**Aim of the task:**
Give the data below again exactly, and drop each picture from it.

**Records from a dataset:**

_ _ _ _ _

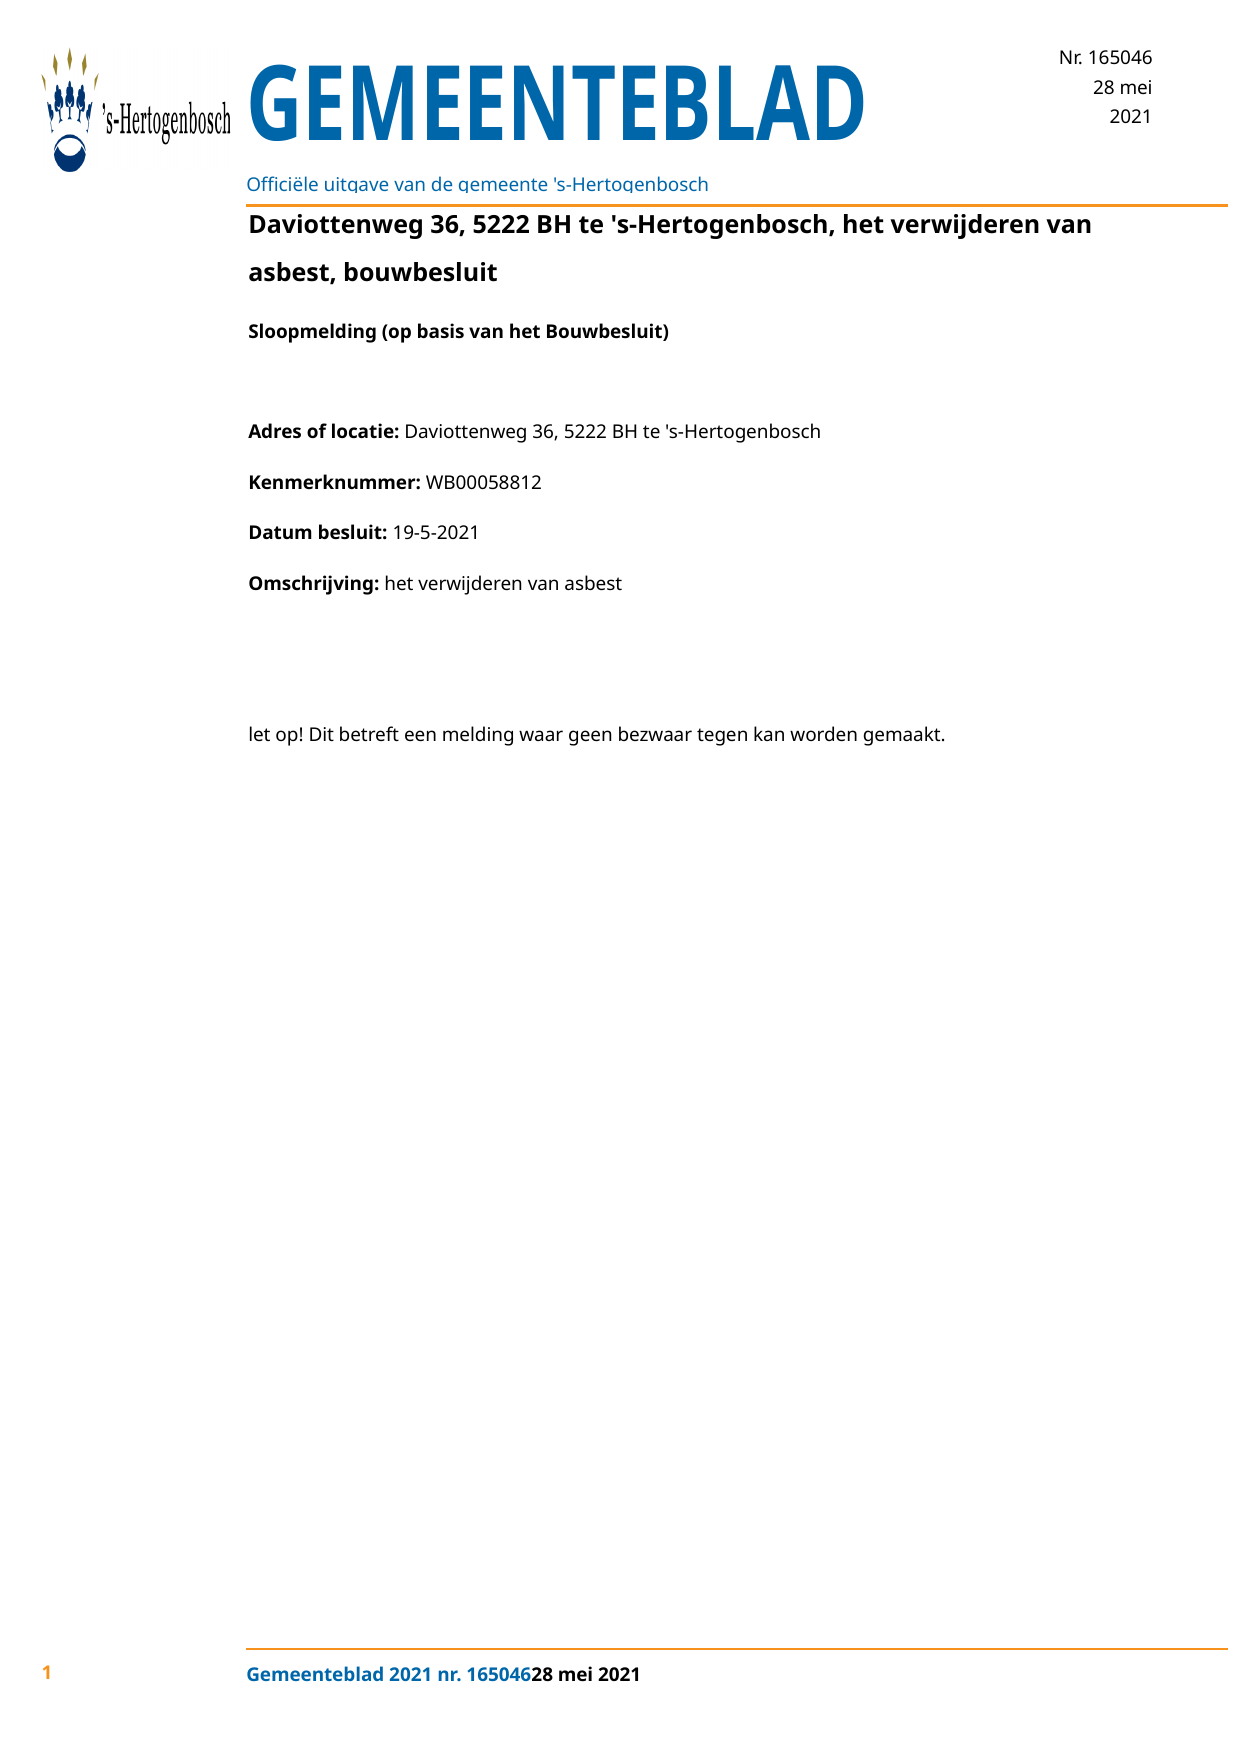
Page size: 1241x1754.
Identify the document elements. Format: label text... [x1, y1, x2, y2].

text let op! Dit betreft een melding waar geen bezwaar tegen kan worden gemaakt. [248, 721, 1152, 747]
text Daviottenweg 36, 5222 BH te 's-Hertogenbosch, het verwijderen van asbest, bouwbesluit [248, 207, 1152, 288]
text Omschrijving: het verwijderen van asbest [248, 570, 1152, 596]
text Kenmerknummer: WB00058812 [248, 469, 1152, 495]
text Sloopmelding (op basis van het Bouwbesluit) [248, 318, 1152, 344]
text Datum besluit: 19-5-2021 [248, 519, 1152, 545]
text Adres of locatie: Daviottenweg 36, 5222 BH te 's-Hertogenbosch [248, 419, 1152, 444]
picture [41, 47, 231, 172]

_ _ _ _ _

**Task result:**
Page size: 1241x1754.
Identify the document elements. Format: label text... [x1, y1, x2, y2].

text let op! Dit betreft een melding waar geen bezwaar tegen kan worden gemaakt. [248, 721, 1152, 747]
text Daviottenweg 36, 5222 BH te 's-Hertogenbosch, het verwijderen van asbest, bouwbesluit [248, 207, 1152, 288]
text Omschrijving: het verwijderen van asbest [248, 570, 1152, 596]
text Kenmerknummer: WB00058812 [248, 469, 1152, 495]
text Sloopmelding (op basis van het Bouwbesluit) [248, 318, 1152, 344]
text Datum besluit: 19-5-2021 [248, 519, 1152, 545]
text Adres of locatie: Daviottenweg 36, 5222 BH te 's-Hertogenbosch [248, 419, 1152, 444]
picture [41, 47, 231, 172]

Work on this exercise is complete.